Egypt Independent

Coalition formed to counter constitutional amendments



Eleven political parties and a number of political figures and members of the House of Representatives, as well as representatives of civil society organizations, announced the formation of a union to counter attempts to introduce new amendments to the constitution.

Following a meeting held at the Conservative Party headquarters on Monday, the union founders released a statement criticizing the constitutional amendments, describing them as an attempt to undermine the current social balance and undermine building a modern democratic civil state based on the peaceful handover of power, separation of powers, and respect for the constitution and law.

The union will represent a framework to protect and defend the constitution in all peaceful democratic ways, the statement said.

A committee comprising union members has been formed to draw up a plan to counter attempts to destroy the current constitution.

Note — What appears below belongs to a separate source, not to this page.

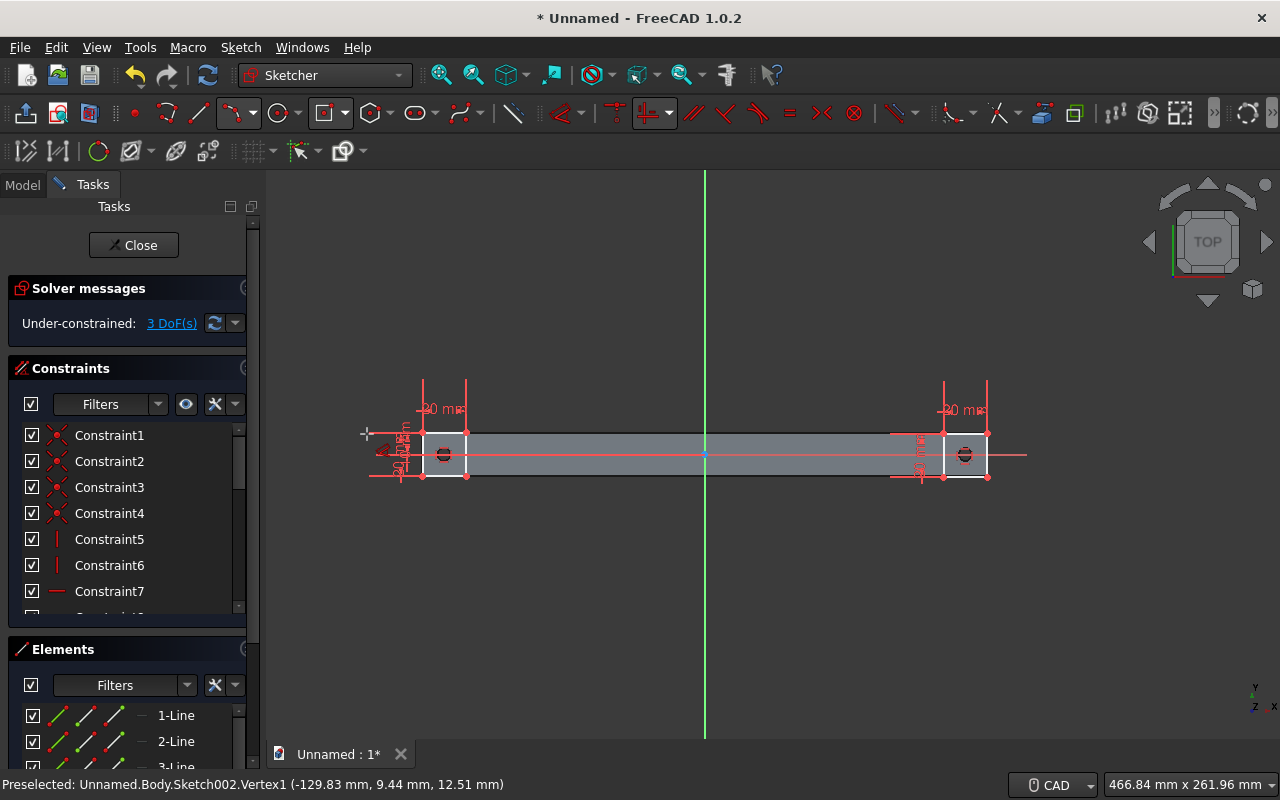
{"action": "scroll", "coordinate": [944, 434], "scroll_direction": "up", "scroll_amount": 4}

The meeting was attended by a number of public figures, including Abdel Galil Mostafa, George Ishaq, Ahmed al-Boraei, Magdy Abdel Hamid, Mohamed Abdel Alim Dawoud, Talaat Khalil, and Samir Alish. Political parties that took part in the meeting included the Socialist Popular Alliance Party, Tayar al-Karama Party, Egyptian Social Democratic Party, Dostor Party, Reform and Development Party, Freedom Egypt Party, and others.

The General Committee of the House of Representatives on Tuesday approved a request to amend the Egyptian constitution and referred it to the General Session for a vote.

Speaker of the House of Representatives Ali Abdul Aal on Sunday referred the request, submitted by more than one-fifth of the parliament members to amend the constitution, to the General Committee for discussion.

The pro-government parliamentary coalition Support Egypt, which controls a majority of 350 seats in the House of Representatives, has proposed the amendments after discussing the matter during a meeting for its political bureau on Sunday.

Coalition head Abdel Hadi al-Qasabi said that that the discussions unanimously agreed on the importance of amending certain constitutional articles. It was proposed to add a new parliamentary chamber under the name of the Senate (formerly known as the Shura Council), a woman quota in the parliament of 25 percent of the members, extending the presidential term in office from 4 to 6 years, and the appointment of one or more deputies to the president.

The 25-30 parliamentary bloc, which includes 16 MPs, announced its rejection to the amendments. At a press conference held at the Nasserite Party headquarters on Monday, 10 members of the party called on President Abdel Fattah al-Sisi to reject it.

Egypt’s 2014 constitution was drafted by a committee that included representatives from different political entities who drafted a constitution that grants more powers to parliament than to the president in a quasi-parliamentary political system.

The 2014 constitution was approved by 98.1 percent of the 20 million people who voted, out of a total of 53 million eligible voters.